▶ **Records from a dataset**
───

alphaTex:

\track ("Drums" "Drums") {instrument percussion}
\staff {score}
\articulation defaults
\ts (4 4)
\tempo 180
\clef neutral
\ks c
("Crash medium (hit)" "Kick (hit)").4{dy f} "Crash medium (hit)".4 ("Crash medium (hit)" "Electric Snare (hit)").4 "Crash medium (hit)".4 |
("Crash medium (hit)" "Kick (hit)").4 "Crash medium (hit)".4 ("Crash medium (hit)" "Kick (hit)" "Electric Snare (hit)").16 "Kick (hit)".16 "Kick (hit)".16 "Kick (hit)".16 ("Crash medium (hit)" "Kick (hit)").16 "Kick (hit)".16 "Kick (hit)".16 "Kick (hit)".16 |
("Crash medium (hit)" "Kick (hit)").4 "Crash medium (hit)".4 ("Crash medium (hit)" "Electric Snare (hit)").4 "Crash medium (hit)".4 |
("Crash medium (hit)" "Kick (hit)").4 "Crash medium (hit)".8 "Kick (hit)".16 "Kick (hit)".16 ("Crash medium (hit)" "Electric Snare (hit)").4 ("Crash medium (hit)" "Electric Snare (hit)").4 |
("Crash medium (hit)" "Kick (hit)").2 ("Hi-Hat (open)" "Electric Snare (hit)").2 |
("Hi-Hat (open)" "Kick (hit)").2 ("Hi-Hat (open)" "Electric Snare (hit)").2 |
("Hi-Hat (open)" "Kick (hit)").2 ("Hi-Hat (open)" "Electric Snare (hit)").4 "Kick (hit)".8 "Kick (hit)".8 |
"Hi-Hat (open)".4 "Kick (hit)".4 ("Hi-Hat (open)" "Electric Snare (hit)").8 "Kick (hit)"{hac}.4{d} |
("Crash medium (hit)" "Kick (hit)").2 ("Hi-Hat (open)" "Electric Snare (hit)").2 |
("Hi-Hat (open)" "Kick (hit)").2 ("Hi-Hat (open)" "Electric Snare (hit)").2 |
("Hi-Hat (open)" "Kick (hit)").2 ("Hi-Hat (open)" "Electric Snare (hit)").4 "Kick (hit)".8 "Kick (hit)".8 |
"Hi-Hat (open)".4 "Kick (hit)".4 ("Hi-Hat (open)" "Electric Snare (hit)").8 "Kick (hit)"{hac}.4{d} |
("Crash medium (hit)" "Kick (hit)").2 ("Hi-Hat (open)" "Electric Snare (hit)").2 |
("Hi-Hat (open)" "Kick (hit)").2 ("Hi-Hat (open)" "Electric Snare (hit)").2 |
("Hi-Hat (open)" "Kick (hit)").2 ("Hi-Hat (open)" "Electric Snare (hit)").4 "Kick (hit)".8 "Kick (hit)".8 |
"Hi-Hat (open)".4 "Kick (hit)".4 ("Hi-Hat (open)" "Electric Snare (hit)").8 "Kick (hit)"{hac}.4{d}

───

▶ **Required work**
Give back every entry, unchanged in any way.

▶ **Expected output**
alphaTex:

\track ("Drums" "Drums") {instrument percussion}
\staff {score}
\articulation defaults
\ts (4 4)
\tempo 180
\clef neutral
\ks c
("Crash medium (hit)" "Kick (hit)").4{dy f} "Crash medium (hit)".4 ("Crash medium (hit)" "Electric Snare (hit)").4 "Crash medium (hit)".4 |
("Crash medium (hit)" "Kick (hit)").4 "Crash medium (hit)".4 ("Crash medium (hit)" "Kick (hit)" "Electric Snare (hit)").16 "Kick (hit)".16 "Kick (hit)".16 "Kick (hit)".16 ("Crash medium (hit)" "Kick (hit)").16 "Kick (hit)".16 "Kick (hit)".16 "Kick (hit)".16 |
("Crash medium (hit)" "Kick (hit)").4 "Crash medium (hit)".4 ("Crash medium (hit)" "Electric Snare (hit)").4 "Crash medium (hit)".4 |
("Crash medium (hit)" "Kick (hit)").4 "Crash medium (hit)".8 "Kick (hit)".16 "Kick (hit)".16 ("Crash medium (hit)" "Electric Snare (hit)").4 ("Crash medium (hit)" "Electric Snare (hit)").4 |
("Crash medium (hit)" "Kick (hit)").2 ("Hi-Hat (open)" "Electric Snare (hit)").2 |
("Hi-Hat (open)" "Kick (hit)").2 ("Hi-Hat (open)" "Electric Snare (hit)").2 |
("Hi-Hat (open)" "Kick (hit)").2 ("Hi-Hat (open)" "Electric Snare (hit)").4 "Kick (hit)".8 "Kick (hit)".8 |
"Hi-Hat (open)".4 "Kick (hit)".4 ("Hi-Hat (open)" "Electric Snare (hit)").8 "Kick (hit)"{hac}.4{d} |
("Crash medium (hit)" "Kick (hit)").2 ("Hi-Hat (open)" "Electric Snare (hit)").2 |
("Hi-Hat (open)" "Kick (hit)").2 ("Hi-Hat (open)" "Electric Snare (hit)").2 |
("Hi-Hat (open)" "Kick (hit)").2 ("Hi-Hat (open)" "Electric Snare (hit)").4 "Kick (hit)".8 "Kick (hit)".8 |
"Hi-Hat (open)".4 "Kick (hit)".4 ("Hi-Hat (open)" "Electric Snare (hit)").8 "Kick (hit)"{hac}.4{d} |
("Crash medium (hit)" "Kick (hit)").2 ("Hi-Hat (open)" "Electric Snare (hit)").2 |
("Hi-Hat (open)" "Kick (hit)").2 ("Hi-Hat (open)" "Electric Snare (hit)").2 |
("Hi-Hat (open)" "Kick (hit)").2 ("Hi-Hat (open)" "Electric Snare (hit)").4 "Kick (hit)".8 "Kick (hit)".8 |
"Hi-Hat (open)".4 "Kick (hit)".4 ("Hi-Hat (open)" "Electric Snare (hit)").8 "Kick (hit)"{hac}.4{d}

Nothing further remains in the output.